Nevertheless, I'll describe in more detail the stereographic projection, because I think it's a good way of looking at the circle (parametrization using rational functions), and by considering arclengths, as calculated with respect to this parametrization, one essentially 'discovers' the $\arctan$ function (typically, this is described, in what I feel is a rather ad-hoc way, in first-year calculus courses as Weierstrass' half-tangent angle substitution $t=\tan\frac{\theta}{2}$, but I prefer looking at the geometry first and then arriving at the calculus).


Note that by translating the center of the circle, and by rescaling, we may as well assume that we're dealing with a the unit circle centered at the origin.

We'll consider stereographic projection 'from the west'. This means we fix the point $(-1,0)$, the 'west pole' of $S^1$. For any point $(x,y)$ with $x\neq -1$ (i.e other than the west pole), imagine drawing a line through this point, and the west pole. This ray will intersect the $y$-axis at exactly one point. The $y$-coordinate of this point is what we shall call the stereographic projection of the point $(x,y)$ from the west pole. This is an extremely simple geometric approach for identifying the circle minus a point with the real line (and this easily generalizes to higher dimensions).

If we work this word-description out in terms of formulae, we get the following: let $U=\{(x,y)\in S^1\,:\, x\neq -1\}$, and consider $\sigma:U\to \Bbb{R}$, \begin{align} \sigma(x,y)=\frac{y}{1+x}, \end{align} and the inverse is $\sigma^{-1}:\Bbb{R}\to U$, \begin{align} \sigma^{-1}(t)=\left(\frac{1-t^2}{1+t^2},\frac{2t}{1+t^2}\right). \end{align} Notice the significance of stereographic projection: it has a very simple geometric meaning, it is invertible, and both $\sigma$ and its inverse are rational functions. As examples, for $t=0$, we get $\sigma^{-1}(0)=(1,0)$, for $t=-1$ we get $\sigma^{-1}(-1)=(0,-1)$, and for $t=+1$, we get $\sigma^{-1}(1)=(0,1)$, and so on.
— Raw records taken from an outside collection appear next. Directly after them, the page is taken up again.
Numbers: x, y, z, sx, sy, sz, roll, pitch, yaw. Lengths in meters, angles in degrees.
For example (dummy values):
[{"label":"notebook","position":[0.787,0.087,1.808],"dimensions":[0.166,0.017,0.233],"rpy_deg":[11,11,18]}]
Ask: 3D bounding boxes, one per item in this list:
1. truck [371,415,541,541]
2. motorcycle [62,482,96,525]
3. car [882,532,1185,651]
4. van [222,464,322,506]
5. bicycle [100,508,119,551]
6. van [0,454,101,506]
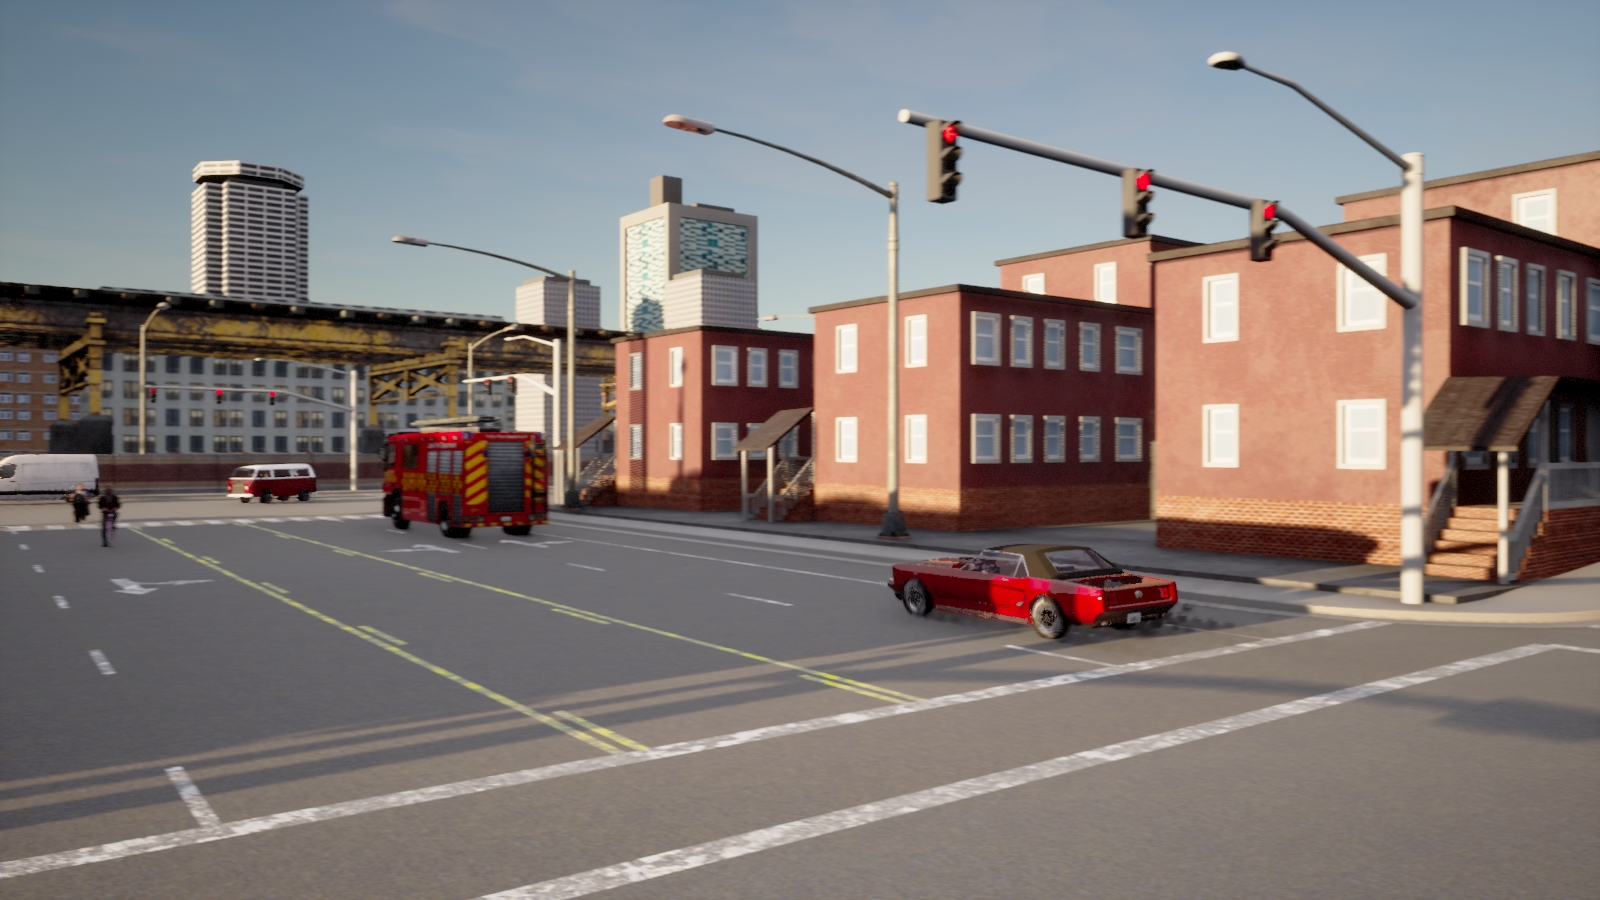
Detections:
[{"label":"truck","position":[-11.934,0.876,38.982],"dimensions":[2.891,3.827,8.468],"rpy_deg":[0,0,-36]},{"label":"motorcycle","position":[-27.376,2.018,43.399],"dimensions":[0.803,1.505,2.033],"rpy_deg":[1,-1,-25]},{"label":"car","position":[3.586,2.151,18.393],"dimensions":[1.895,1.301,4.718],"rpy_deg":[0,0,-36]},{"label":"van","position":[-27.428,1.763,59.499],"dimensions":[2.069,2.038,4.480],"rpy_deg":[-1,0,24]},{"label":"bicycle","position":[-19.461,2.222,32.172],"dimensions":[0.329,1.126,1.835],"rpy_deg":[0,0,-35]},{"label":"van","position":[-39.360,1.514,58.500],"dimensions":[5.915,2.561,1.988],"rpy_deg":[0,0,-36]}]

Now, fix two parameter values $-\infty<t_1<t_2<\infty$. Let us calculate the length of the arc joining the points $\sigma^{-1}(t_1)$ and $\sigma^{-1}(t_2)$: \begin{align} L_{t_1,t_2}&=\int_{t_1}^{t_2}\|(\sigma^{-1})'(t)\|\,dt =\int_{t_1}^{t_2}\frac{2}{1+t^2}\,dt, \end{align} where the second equality is a straight-forward differentiation. Of course, we would now recognize this immediately as $2[\arctan(t_2)-\arctan(t_1)]$. But, imagine you were never introduced to trigonometry. This would then be a pretty natural way of developing the subject (simple geometry of lines intersecting circles and other lines, and then using calculus to figure out arclengths).

In your question, you're given the coordinates of point $A$ (meaning you know $t_1$ and $\sigma^{-1}(t_1)$), and you know the arclength between $A$ and $B$ (so you know $L$). In order to figure out the coordinates of the point $B$, using this approach, one would have to invert the integral (i.e we've now arrived at a definition for $\tan$).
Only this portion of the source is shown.